I get what you mean. We have to start from a "bindable" root. FWIW other
types beside entity could be a "contextualization root" depending on the
Metamodel method signature.
Obviously the return from Metamodel#embeddable(Class) could not. But, we
could expose methods that would allow access the "embedded" form, e.g.:
- Metamodel#embedded(ManagedType,String) - String is the embedded
attribute role relative to ManagedType
- Metamodel#embedded(Path)
- Metamodel#embedded(AttributePath)
- Metamodel#embedded(AttributeRole)
- Metamodel#embedded(String)
etc
similar for collections.
I take "contextualization" to mean "providing a context back to a
root".
And in that sense, yes, you grok and describe the exact point I am
struggling with now. I could not communicate it clearly because I have
developed the proper terms and concepts to describe and model it. So thank
you for the different perspective, it helps. I am still going through your
larger reply and trying to distill it into my mental model.
On Fri, Jul 22, 2016 at 5:21 AM Emmanuel Bernard <emmanuel(a)hibernate.org>
wrote:
The contextualization would only work when user calls
metamodel.entity().
Not the other methods
> On 22 juil. 2016, at 11:14, Emmanuel Bernard <emmanuel(a)hibernate.org>
wrote:
>
> The good news is that I am following you :D
>
> I think one of the option is some API to which you can pass the (JPA)
> Type, a Path from root and it would return a structure qualifying the
> embedded info and not just the embeddable.
>
> I'm making things up here
>
> //might not even need the type, could be guessed from the Path?
> AttributeMapping am = mappingProvider.forPath(path);
>
> What's nasty is that it then requires two parallel APIs, or rather it
> would not flow from an enhanced JPA type API.
>
> An alternative would be what I think you propose with the BindableType,
> that is an extension point that describes the specifics of the
> specialization when navigating from one node type to another. I think.
>
> An alternative that I can think of is as follows. I'm assuming that the
> data that needs to be contextualized by the path is mapping in nature or
> at least not at all represented in the JPA types.

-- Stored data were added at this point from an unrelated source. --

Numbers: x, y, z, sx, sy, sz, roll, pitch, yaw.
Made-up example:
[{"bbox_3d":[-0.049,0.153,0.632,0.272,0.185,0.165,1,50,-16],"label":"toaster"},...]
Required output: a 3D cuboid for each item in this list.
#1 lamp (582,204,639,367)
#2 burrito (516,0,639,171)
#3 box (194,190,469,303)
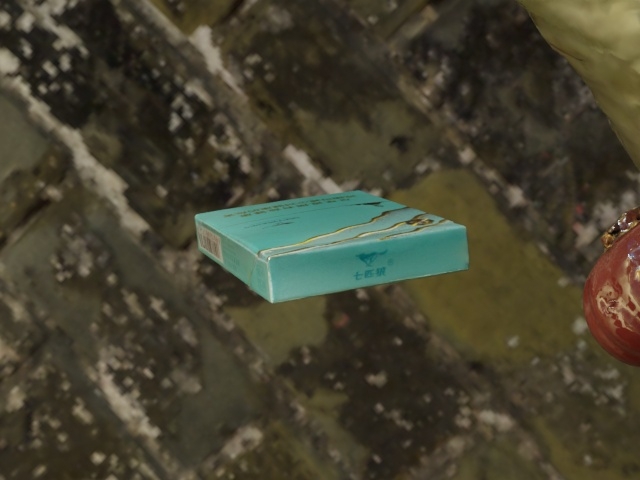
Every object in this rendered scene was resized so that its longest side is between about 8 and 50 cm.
[{"bbox_3d":[0.186,0.023,0.621,0.090,0.101,0.101,54,12,17],"label":"lamp"},{"bbox_3d":[0.088,-0.116,0.358,0.299,0.105,0.143,48,20,-14],"label":"burrito"},{"bbox_3d":[0.000,0.000,0.976,0.229,0.162,0.041,-155,-123,-68],"label":"box"}]
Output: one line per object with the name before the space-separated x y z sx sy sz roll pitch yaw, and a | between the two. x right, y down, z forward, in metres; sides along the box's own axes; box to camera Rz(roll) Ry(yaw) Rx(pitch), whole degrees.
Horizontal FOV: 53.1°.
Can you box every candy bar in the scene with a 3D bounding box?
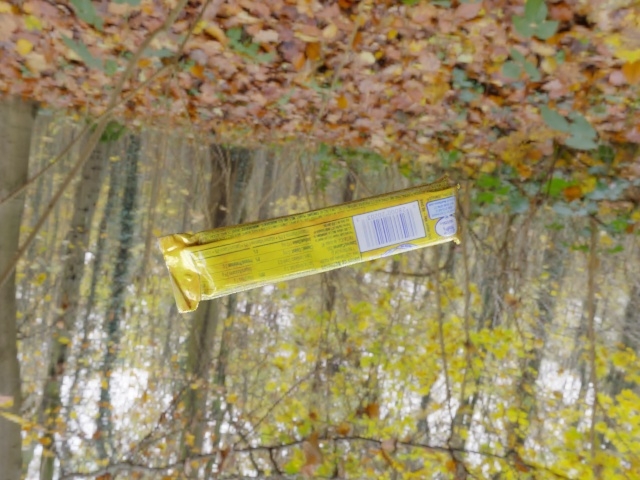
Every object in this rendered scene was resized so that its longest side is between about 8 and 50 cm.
candy bar | 0.000 0.000 0.332 0.161 0.040 0.018 -13 -177 -8
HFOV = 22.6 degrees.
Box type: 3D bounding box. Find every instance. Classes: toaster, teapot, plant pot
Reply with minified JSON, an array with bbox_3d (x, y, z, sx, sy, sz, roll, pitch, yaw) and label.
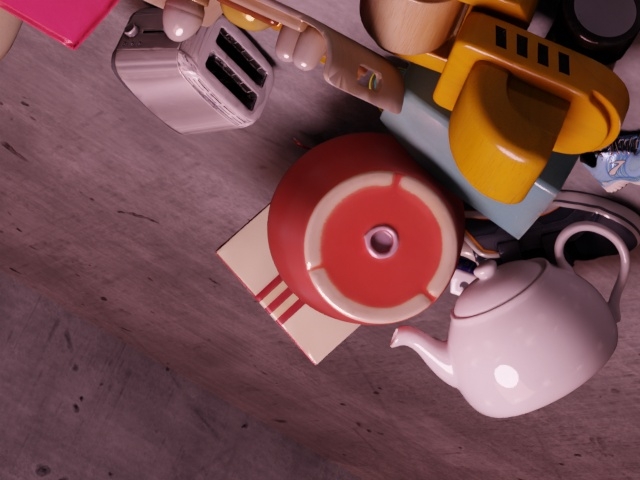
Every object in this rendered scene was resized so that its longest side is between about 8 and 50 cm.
[{"bbox_3d":[-0.168,-0.230,2.217,0.146,0.129,0.227,1,148,40],"label":"toaster"},{"bbox_3d":[0.274,0.106,2.185,0.252,0.256,0.187,-17,107,48],"label":"teapot"},{"bbox_3d":[0.206,-0.150,1.991,0.234,0.165,0.166,31,158,2],"label":"plant pot"},{"bbox_3d":[0.069,-0.006,2.096,0.275,0.275,0.243,26,-176,-5],"label":"plant pot"}]

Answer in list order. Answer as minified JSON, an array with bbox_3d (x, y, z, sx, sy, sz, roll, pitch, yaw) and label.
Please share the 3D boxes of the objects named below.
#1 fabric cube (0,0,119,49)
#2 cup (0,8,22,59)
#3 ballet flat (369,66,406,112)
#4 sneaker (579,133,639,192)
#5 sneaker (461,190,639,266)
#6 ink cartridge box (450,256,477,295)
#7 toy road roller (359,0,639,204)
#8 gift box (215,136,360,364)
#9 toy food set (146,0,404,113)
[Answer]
[{"bbox_3d":[-0.292,-0.410,1.747,0.259,0.258,0.254,30,159,-16],"label":"fabric cube"},{"bbox_3d":[-0.474,-0.396,1.958,0.331,0.331,0.237,30,133,-17],"label":"cup"},{"bbox_3d":[0.159,-0.158,2.135,0.231,0.077,0.077,26,175,-11],"label":"ballet flat"},{"bbox_3d":[0.382,-0.108,2.032,0.073,0.063,0.162,32,157,-13],"label":"sneaker"},{"bbox_3d":[0.299,0.001,2.286,0.321,0.127,0.126,8,152,31],"label":"sneaker"},{"bbox_3d":[0.260,0.060,2.439,0.208,0.045,0.206,21,-169,8],"label":"ink cartridge box"},{"bbox_3d":[0.185,-0.193,1.788,0.329,0.240,0.202,23,158,2],"label":"toy road roller"},{"bbox_3d":[0.000,0.000,2.335,0.276,0.258,0.255,50,177,-6],"label":"gift box"},{"bbox_3d":[-0.064,-0.234,1.884,0.306,0.092,0.220,28,-174,25],"label":"toy food set"}]
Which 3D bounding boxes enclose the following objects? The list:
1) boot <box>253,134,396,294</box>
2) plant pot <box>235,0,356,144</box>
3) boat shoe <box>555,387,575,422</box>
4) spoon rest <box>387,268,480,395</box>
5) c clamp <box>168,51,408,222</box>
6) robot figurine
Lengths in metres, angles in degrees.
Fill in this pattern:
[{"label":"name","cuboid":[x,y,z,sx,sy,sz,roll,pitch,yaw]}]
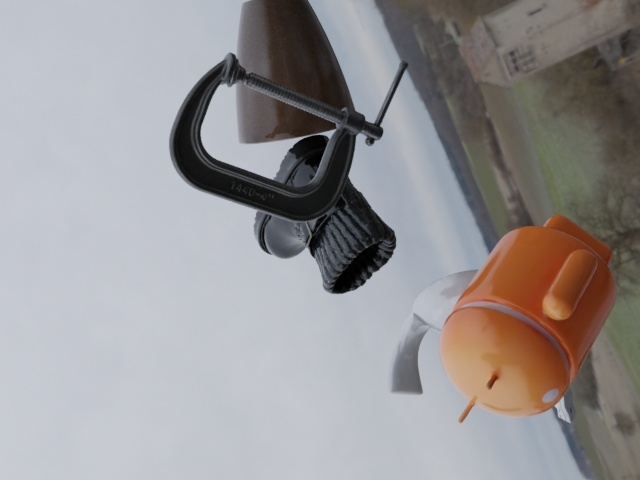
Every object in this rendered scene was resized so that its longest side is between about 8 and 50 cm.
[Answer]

> Each (JPA) type instance would be inherently specific to the path it
> comes from. It would keep exposing the JPA non contextualized info but
> also add contextualized info.
>
> HibernateEntityType<Foo> fooModel =
> (HibernateEntityType<Foo>)
entityManagerFactory.getMetamodel().entity(Foo.class); // considered a root
for navigation
>
> for (HibernateSingularAttribute sa : fooModel.getSingularAttributes()) {
> if (sa.getPersistentAttributeType() == EMBEDDED) {
> HibernateEmbeddableType et = (HibernateEmbeddableType)
sa.getType();
> for (HibernateSingularAttribute esa :
fooModel.getSingularAttributes()) {
> if (esa.getPersistentAttributeType() == BASIC) {
> int span = esa.getPhysicalInfo().getColumnSpan();
> }
> }
> }
> }
>
> Hopefully, JPA does not mandate == between different types.
>
> A question I have is how navigable and easy such API would be for a
> persister. But that's something to explore.
>
> Emmanuel
>
>> On Thu 2016-07-21 21:10, Steve Ebersole wrote:
>> Put another way, I think the problem (and probably the solution) here is
>> similar to JPA's Bindable (and Path) concept.
>>
>>> On Thu, Jul 21, 2016 at 2:27 PM Steve Ebersole <steve(a)hibernate.org>
wrote:
>>>
>>> One goal of the redesign is to build more friendly, easy-to-follow
>>> contract for access to this metadata at runtime (legacy persister
state).
>>> Rather than accessing pieces of information pertaining to attributes
across
>>> many, many arrays I wanted an array of a composite representation of
these
>>> attributes. JPA defines it this way, so on some level you'd think it
would
>>> be pretty straightforward to move this direction. The major
pain-point I
>>> have been facing is that JPA does not define "mapping information"
at
all
>>> in its Metamodel/Types. The main place this comes to a head is
>>> EmbeddableType, especially given access to it directly on Metamodel *by
>>> class*. In JPA terms that return has to model the Embeddable (no
mapping
>>> info) rather than the Embedded. And then further when we
>>> expose EmbeddableType's attributes we have the same problem continued
>>> because the context/root is the embeddable rather than the embedded.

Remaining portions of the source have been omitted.